Coluna Sal da Terra: Sonhar com algo diferente

Farei da minha coluna de hoje um espaço de discussão crítica e analítica sobre o chamado meio ambiente.

Vou relembrar um episódio de quando descobrimos um Parque dentro do Rio Salinas, e num encontro com jovens estudantes, que foram visitar o Rio Salinas para ver o que já era uma preocupação central no âmbito da questão ambiental.

Imagem: Internet

Depois vieram as trágicas cheias de 2021, quando grande parte da cidade foi invadida e muitas pessoas tiveram que ser deslocadas dos seus lugares originais.

Eu queria que naquele contato que tivessem com o Rio Salinas, aqueles jovens olhassem para o rio não como uma coisa, não como um componente da geografia, mas que percebessem o Rio como uma entidade viva, como uma criatura que não existe apenas entre duas margens, apenas entre uma foz e uma nascente. Mas que partilhassem daquilo que é visão das pessoas mais antigas, ou os primeiros habitantes do Rio Salinas.

Por exemplo, as pessoas que contatamos ao longo das margens, ainda chamam o Rio de morada dos primitivos, que quer dizer: o rio é a casa de todos.

Para além dessa dimensão poética que me encanta, também há ali uma sabedoria, uma percepção que foi construída ao longo do tempo, desse comportamento sazonal de um Rio.

O que aconteceu não é uma anormalidade. É assim que o Rio nasceu, é assim que o Rio vive, com esta periodicidade de inundações, foi assim que construiu este longo vale.

Portanto, o assunto das alterações climáticas tem de ser visto como alguma coisa que não é completamente nova.

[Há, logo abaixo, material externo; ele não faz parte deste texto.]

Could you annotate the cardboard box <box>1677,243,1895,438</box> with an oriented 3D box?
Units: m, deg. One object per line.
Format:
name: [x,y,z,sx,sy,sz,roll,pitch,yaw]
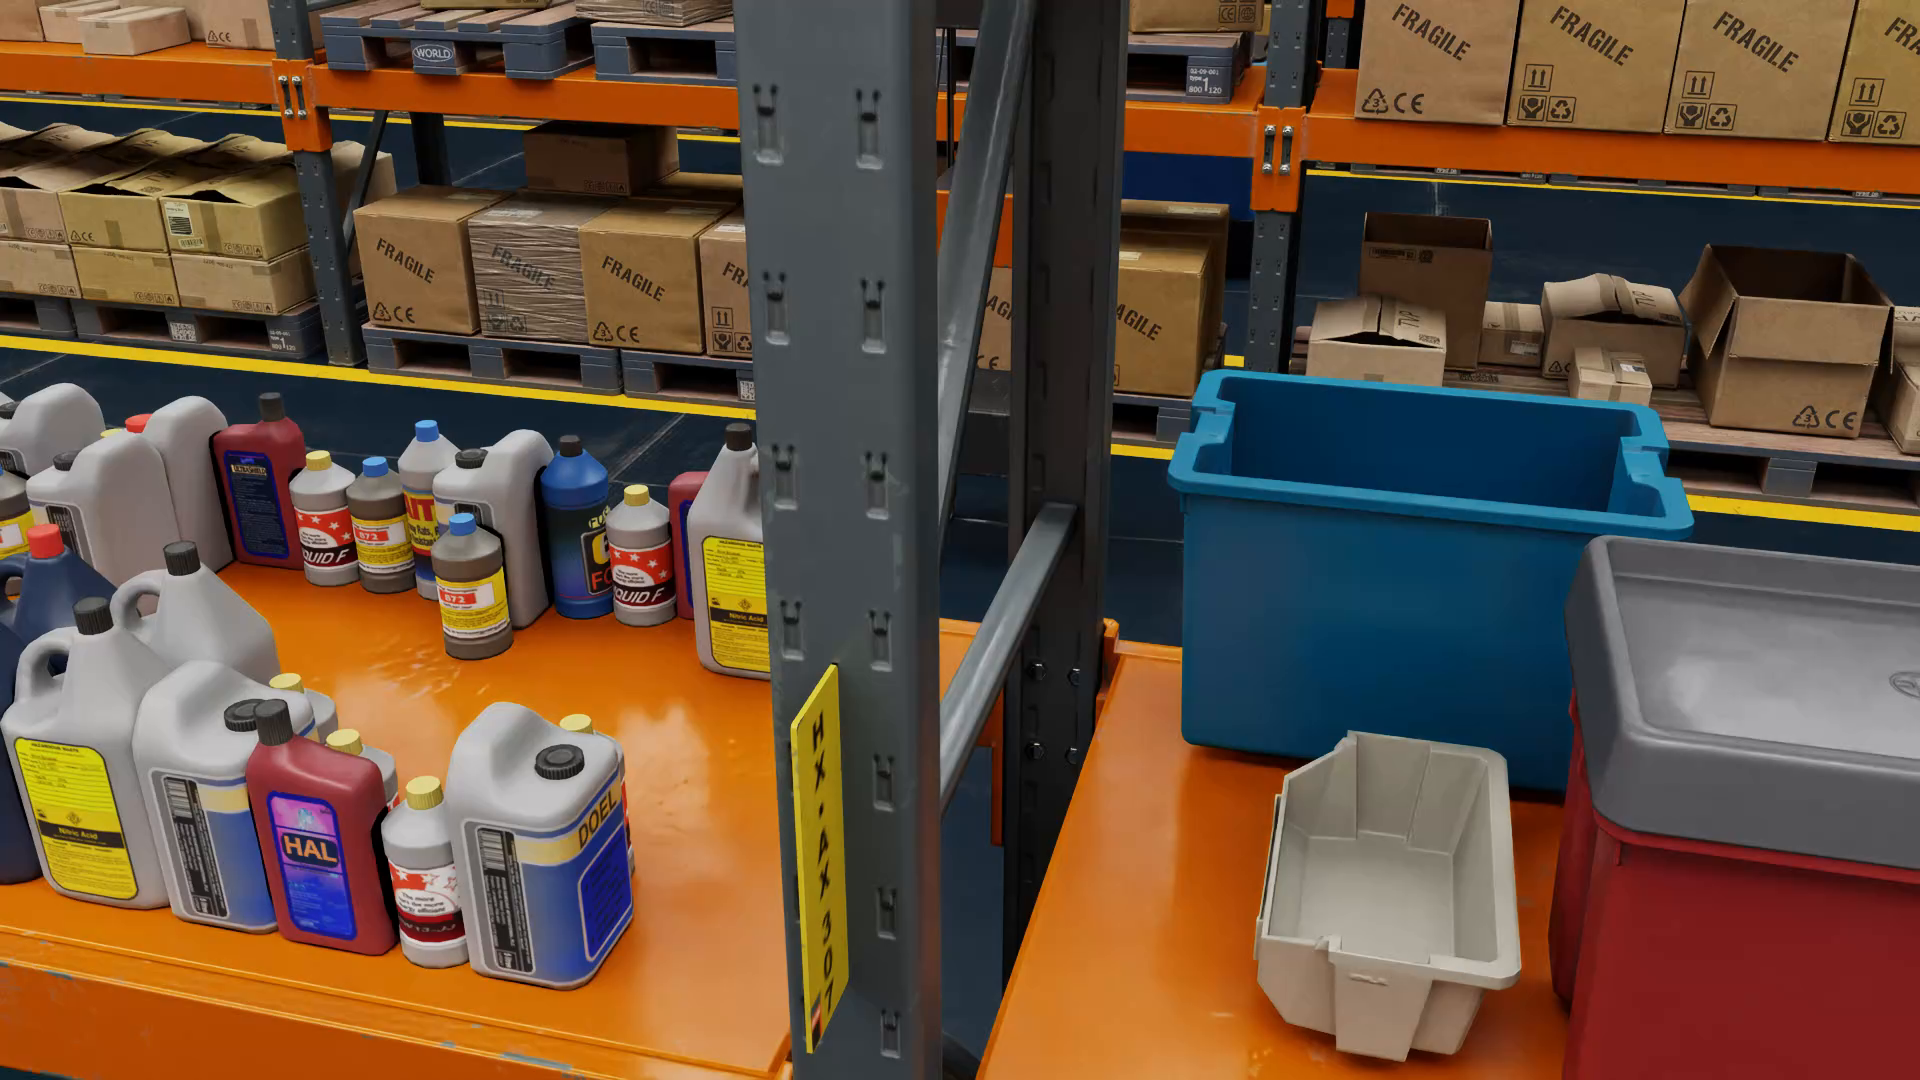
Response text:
cardboard box: [3.083,-0.771,6.271,0.637,0.503,0.797,6,26,13]

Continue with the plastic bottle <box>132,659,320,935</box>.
plastic bottle: [-0.791,0.273,1.831,0.135,0.276,0.152,6,26,13]

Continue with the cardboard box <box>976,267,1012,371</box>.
cardboard box: [0.236,-0.958,6.669,0.500,0.500,0.500,6,26,13]

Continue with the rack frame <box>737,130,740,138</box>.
rack frame: [-1.382,-4.389,11.479,0.127,3.000,1.000,6,26,13]

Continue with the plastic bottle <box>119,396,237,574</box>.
plastic bottle: [-1.226,-0.088,2.589,0.135,0.276,0.152,6,26,13]

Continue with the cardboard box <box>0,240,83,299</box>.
cardboard box: [-4.169,-1.338,7.781,0.500,0.250,0.500,7,26,14]

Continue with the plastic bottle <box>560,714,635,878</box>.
plastic bottle: [-0.425,0.292,1.879,0.097,0.201,0.097,0,25,0]

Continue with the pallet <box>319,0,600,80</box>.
pallet: [-1.938,-2.196,7.097,1.003,0.211,1.213,6,26,13]

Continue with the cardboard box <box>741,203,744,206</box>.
cardboard box: [-0.637,-1.285,7.355,0.500,0.500,0.500,5,26,11]

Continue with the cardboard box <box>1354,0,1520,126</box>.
cardboard box: [1.688,-1.775,5.873,0.500,0.500,0.500,7,26,14]

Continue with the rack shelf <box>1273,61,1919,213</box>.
rack shelf: [3.199,-1.359,5.952,4.000,0.370,1.077,6,26,13]

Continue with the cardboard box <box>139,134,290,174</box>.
cardboard box: [-3.557,-1.759,8.012,0.500,0.311,0.500,6,26,12]

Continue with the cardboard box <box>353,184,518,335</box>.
cardboard box: [-2.242,-1.229,7.237,0.500,0.500,0.500,7,26,15]

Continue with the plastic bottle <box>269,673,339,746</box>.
plastic bottle: [-0.778,0.253,1.961,0.097,0.201,0.097,0,25,0]

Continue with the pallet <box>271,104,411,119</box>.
pallet: [-4.501,-3.475,12.804,1.213,0.211,1.003,6,26,13]

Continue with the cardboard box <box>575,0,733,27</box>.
cardboard box: [-1.136,-2.363,6.619,0.500,0.500,0.700,11,28,23]

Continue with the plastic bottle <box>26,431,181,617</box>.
plastic bottle: [-1.263,-0.024,2.456,0.135,0.276,0.152,6,26,13]

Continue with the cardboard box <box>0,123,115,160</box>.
cardboard box: [-4.548,-1.869,8.244,0.500,0.311,0.500,6,26,12]

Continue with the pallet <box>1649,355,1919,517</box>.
pallet: [3.112,-0.435,6.419,1.213,0.211,1.003,6,26,13]

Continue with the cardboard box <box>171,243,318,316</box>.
cardboard box: [-3.182,-1.229,7.552,0.500,0.250,0.500,7,26,14]

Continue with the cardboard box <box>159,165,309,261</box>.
cardboard box: [-3.181,-1.481,7.429,0.500,0.311,0.500,7,26,14]

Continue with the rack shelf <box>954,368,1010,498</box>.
rack shelf: [0.160,-0.286,5.568,0.480,0.518,0.431,6,26,13]

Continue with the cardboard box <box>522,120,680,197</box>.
cardboard box: [-1.592,-1.728,7.414,0.500,0.250,0.500,7,26,15]

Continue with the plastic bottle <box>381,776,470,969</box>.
plastic bottle: [-0.557,0.345,1.767,0.097,0.201,0.097,0,25,0]

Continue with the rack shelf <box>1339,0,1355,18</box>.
rack shelf: [4.429,-3.422,10.285,4.000,0.370,1.077,6,26,13]

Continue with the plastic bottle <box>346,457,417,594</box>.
plastic bottle: [-0.883,-0.028,2.551,0.097,0.201,0.097,0,25,0]

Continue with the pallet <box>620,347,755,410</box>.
pallet: [-0.721,-0.840,7.269,1.213,0.211,1.003,6,26,13]

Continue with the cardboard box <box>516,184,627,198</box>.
cardboard box: [-1.648,-1.394,7.584,0.500,0.500,0.500,7,26,15]

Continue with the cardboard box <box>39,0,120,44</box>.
cardboard box: [-3.861,-2.326,7.438,0.250,0.149,0.380,8,27,17]

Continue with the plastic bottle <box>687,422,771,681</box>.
plastic bottle: [-0.275,0.009,2.299,0.185,0.351,0.144,6,26,13]

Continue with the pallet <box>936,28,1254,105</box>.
pallet: [0.515,-1.942,6.564,1.213,0.211,1.003,6,26,13]

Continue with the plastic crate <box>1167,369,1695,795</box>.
plastic crate: [0.562,0.052,2.100,0.575,0.384,0.392,6,26,13]

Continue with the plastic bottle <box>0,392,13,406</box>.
plastic bottle: [-1.556,-0.134,2.692,0.097,0.271,0.097,0,25,0]

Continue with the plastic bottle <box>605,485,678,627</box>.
plastic bottle: [-0.470,0.018,2.455,0.097,0.201,0.097,0,25,0]

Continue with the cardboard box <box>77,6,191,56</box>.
cardboard box: [-3.552,-2.194,7.161,0.250,0.149,0.380,6,26,13]

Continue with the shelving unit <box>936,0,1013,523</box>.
shelving unit: [0.160,-0.930,5.261,0.503,2.100,0.431,6,26,13]

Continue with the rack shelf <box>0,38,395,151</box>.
rack shelf: [-4.549,-2.216,7.751,4.000,0.370,1.077,6,26,13]

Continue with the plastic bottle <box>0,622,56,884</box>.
plastic bottle: [-1.126,0.204,1.889,0.185,0.351,0.144,6,26,13]

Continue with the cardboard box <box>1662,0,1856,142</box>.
cardboard box: [2.668,-1.667,5.646,0.500,0.500,0.500,6,26,13]

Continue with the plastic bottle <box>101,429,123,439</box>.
plastic bottle: [-1.331,-0.078,2.655,0.097,0.201,0.097,0,25,0]

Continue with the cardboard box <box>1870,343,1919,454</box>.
cardboard box: [3.635,-0.497,5.991,0.500,0.250,0.500,6,26,13]

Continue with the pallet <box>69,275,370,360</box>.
pallet: [-3.400,-1.172,7.965,1.213,0.211,1.003,6,26,13]

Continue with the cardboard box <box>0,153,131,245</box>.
cardboard box: [-4.174,-1.589,7.656,0.500,0.311,0.500,6,26,13]

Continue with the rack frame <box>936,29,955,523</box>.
rack frame: [-0.076,-0.956,5.316,0.015,2.100,0.400,6,26,13]

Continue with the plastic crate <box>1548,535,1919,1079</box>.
plastic crate: [0.827,0.308,1.470,0.583,0.464,0.402,6,26,13]

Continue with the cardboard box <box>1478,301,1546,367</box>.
cardboard box: [2.262,-0.851,6.854,0.250,0.149,0.380,6,26,13]

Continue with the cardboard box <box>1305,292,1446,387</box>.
cardboard box: [1.615,-0.748,6.447,0.500,0.311,0.500,6,26,13]

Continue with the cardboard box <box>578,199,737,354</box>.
cardboard box: [-1.249,-1.119,7.007,0.500,0.500,0.500,6,26,12]

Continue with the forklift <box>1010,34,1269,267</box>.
forklift: [0.343,-3.113,8.879,3.031,2.935,1.130,11,28,22]

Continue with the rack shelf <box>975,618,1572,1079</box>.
rack shelf: [1.962,0.703,1.622,4.000,0.370,1.077,6,26,13]

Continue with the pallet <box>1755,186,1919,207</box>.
pallet: [5.572,-2.326,10.391,1.213,0.211,1.003,6,26,13]

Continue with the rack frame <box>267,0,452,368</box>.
rack frame: [-2.612,-2.326,7.147,0.127,3.000,1.000,6,26,13]

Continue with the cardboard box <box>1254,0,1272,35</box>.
cardboard box: [1.830,-3.195,10.984,0.750,0.750,0.750,7,26,14]

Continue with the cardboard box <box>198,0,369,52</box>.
cardboard box: [-2.953,-2.343,7.286,0.500,0.311,0.500,8,27,16]

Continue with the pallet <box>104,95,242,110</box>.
pallet: [-5.915,-3.615,13.098,1.213,0.211,1.003,6,26,13]

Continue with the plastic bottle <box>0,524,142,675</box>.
plastic bottle: [-1.090,0.144,2.015,0.185,0.351,0.144,6,26,13]

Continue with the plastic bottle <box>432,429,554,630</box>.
plastic bottle: [-0.683,-0.028,2.463,0.135,0.276,0.152,6,26,13]

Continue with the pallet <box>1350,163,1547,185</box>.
pallet: [3.209,-2.588,10.940,1.213,0.211,1.003,6,26,13]

Não estamos descobrindo uma coisa que era completamente ignorada.

Essas pessoas tinham essa percepção, construíram todo o seu convívio com esta sazonalidade.

Há uma sabedoria que está viva, como está viva a língua daquele povo, num diálogo com a natureza.

Persiste essa sabedoria, as pessoas percebiam pela chegada de certo tipo de pássaros, pela invasão de certo tipo de formigas, percebiam que estão perante a aproximação de um evento extremo.

Lembram que os patinhos salvaram da grande cheia?

Tive notícias de outros animais que também se salvaram, numa percepção clara que há um diálogo com a natureza.

Eles percebem os sinais das chuvas, dos pássaros, das águas e dos bichos.

Essa percepção está traduzida numa língua que é diferente porque consta realmente de uma outra visão da natureza e da vida.

Não há palavras para dizer coisas que nós pensamos e que são conceitos universais.

Por exemplo, não existem palavras específicas para dizer meio ambiente, palavras para dizer clima, no meio dos povos primitivos.

Os povos primitivos seguiam a lua, o sol, a chuva.
Há o mês do plantio, que coincide com a colheita em determinada fase da lua, há diferentes luas conforme as estações que vão sucedendo.

O fato de não haver para os povos primitivos a palavra clima ou palavra meio ambiente, não significa ignorância dos povos primitivos.

Significa outra ideia, outra percepção em que não há essa distinção que foi criada na ciência, em que separou aquilo que era cultura, aquilo que era sociedade e natureza.

Há uma percepção, como no caso das chuvas pelos sinais da natureza.

Quer dizer, a chuva é uma espécie de linguagem, uma conversa entre seres vivos, e o rio, a chuva, o sol, a lua são seres vivos que comunicam com nós.

Esse diálogo é permanente e é desse equilíbrio entre essas esferas que se consegue uma harmonia social, uma estabilidade dentro da vida das pessoas.

Percebemos que o acontecimento com o Rio, como se o desequilíbrio ambiental tivesse que ter soluções puramente ambientais.

Todos sabem que para resolver os desequilíbrios ambientais é preciso mexer na economia, tomar medidas políticas, mexer com o social, a educação e mexer em tudo.

Os povos primitivos já sabiam que a natureza é uma morada de todos, e não uma morada da espécie humana que recebe os “outros”.

Aí as escolas, os movimentos chamados de ecologistas voltam a se centrar na espécie humana o que seria o sentido de posse, de administradores.

O discurso é centrado no ser humano, porque sugere que os que estragaram o planeta vão ser os salvadores do planeta.

A biologia introduziu conceitos que podem ajudar a mudar radicalmente a nossa visão de quem somos e nossa relação com os outros.

A ideia é sonhar diferente, não misturar as estações e ver que a natureza é a morada de todos, e isso será um dos principais motores para a nossa evolução.

Isto é, tem que rever a ideia de meio ambiente, como algo separado de humanos e a natureza.

De fato, muitos seres vivos e nós próprios conseguimos sobreviver porque fomos capazes de estabelecer relações de reciprocidade, de ajuda mútua.